December 28, 1996 in Nation/World

Adm Suit Against Mole May Backfire

Associated Press
 

When Archer Daniels Midland Co. learned top executive Mark Whitacre had made secret tapes for an FBI price-fixing probe, the company fought back: It fired Whitacre, accused him of embezzlement and eventually sued him.

But that lawsuit could end up doing more harm than good to the company that calls itself “Supermarket to the world.”

“Generally, employers retaliate against whistle-blowers by firing them or trying to blacklist them, rather than with lawsuits,” says Tom Devine of the Government Accountability Project, a Washington-based group that offers legal help to whistle-blowers.

“The reason is simple: The dirty laundry from the employer gets exposed in the lawsuit.”

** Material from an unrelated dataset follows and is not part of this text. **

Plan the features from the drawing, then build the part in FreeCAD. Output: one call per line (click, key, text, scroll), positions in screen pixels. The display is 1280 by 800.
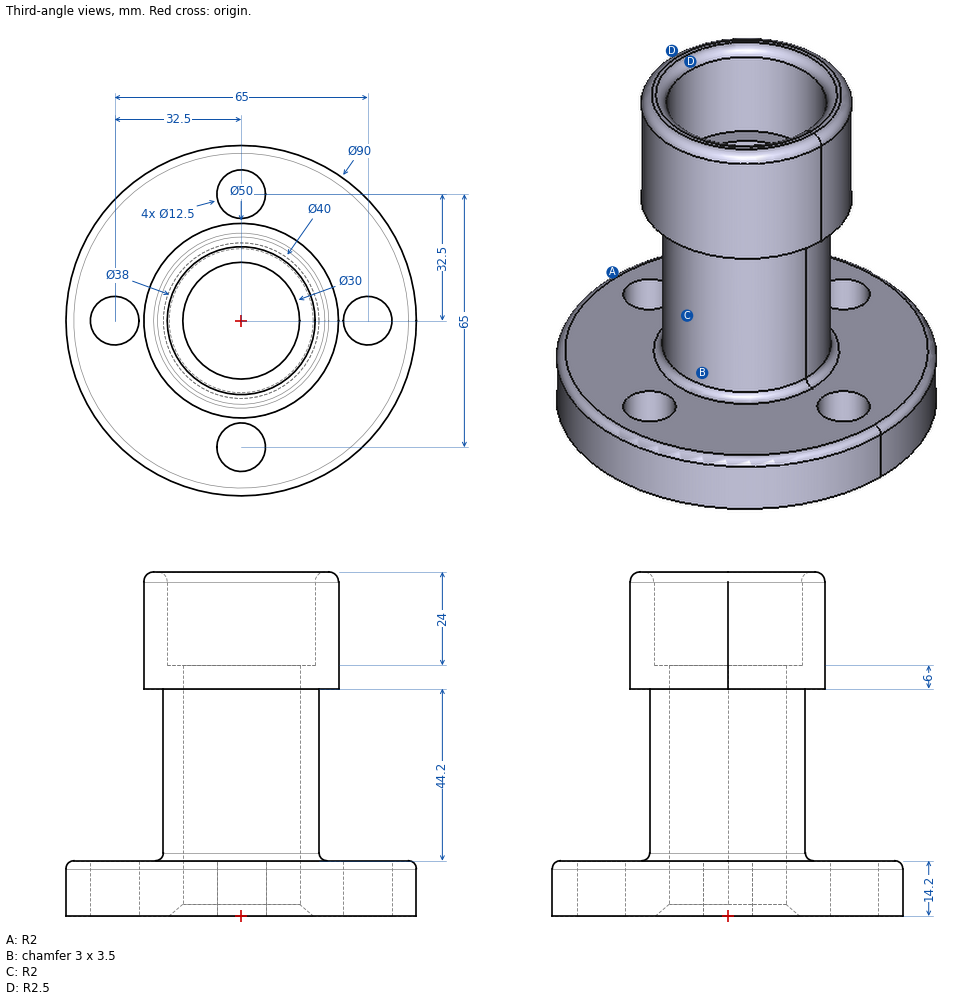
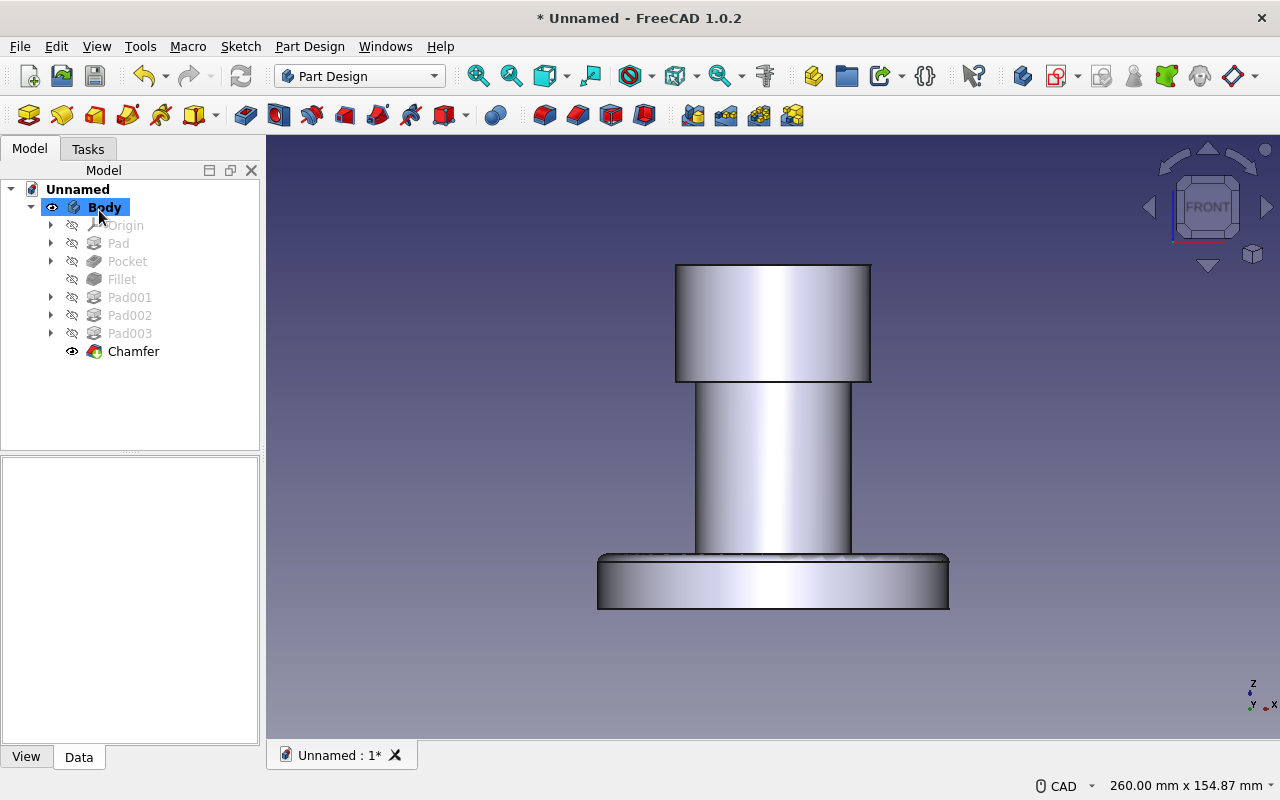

In this case, ADM’s pile of dirty laundry is quite large. Thanks to Whitacre’s secret tapes of his fellow ADM executives, the company pleaded guilty in October and agreed to pay $100 million, the largest criminal antitrust fine in history, for its role in two international conspiracies to fix prices and divide up world markets for lysine and citric acid.

Whitacre can use the lawsuit to air other accusations against ADM, including his assertions that he was fired for his FBI work and that top company officials illegally salted away millions of dollars in overseas bank accounts.

ADM’s lawsuit accuses Whitacre of stealing about $9 million from the company in a bogus invoicing scheme. Even if ADM wins, it could suffer even more bad publicity in the process.

“If I represented them (ADM), I’d settle the case early,” said University of Illinois law professor Elaine Shoben. “As a matter of public policy, you shouldn’t allow suits against people who reveal illegality.”

But the lawsuit provides possible pitfalls for Whitacre as well. Whitacre, who pleaded innocent last week to a federal price-fixing indictment, could have problems swaying a jury by arguing the ADM payments were authorized.

“Even if what he says is true and this money is off-the-books compensation approved by management, that still doesn’t make it right,” Risser said. “It still sounds pretty sleazy.”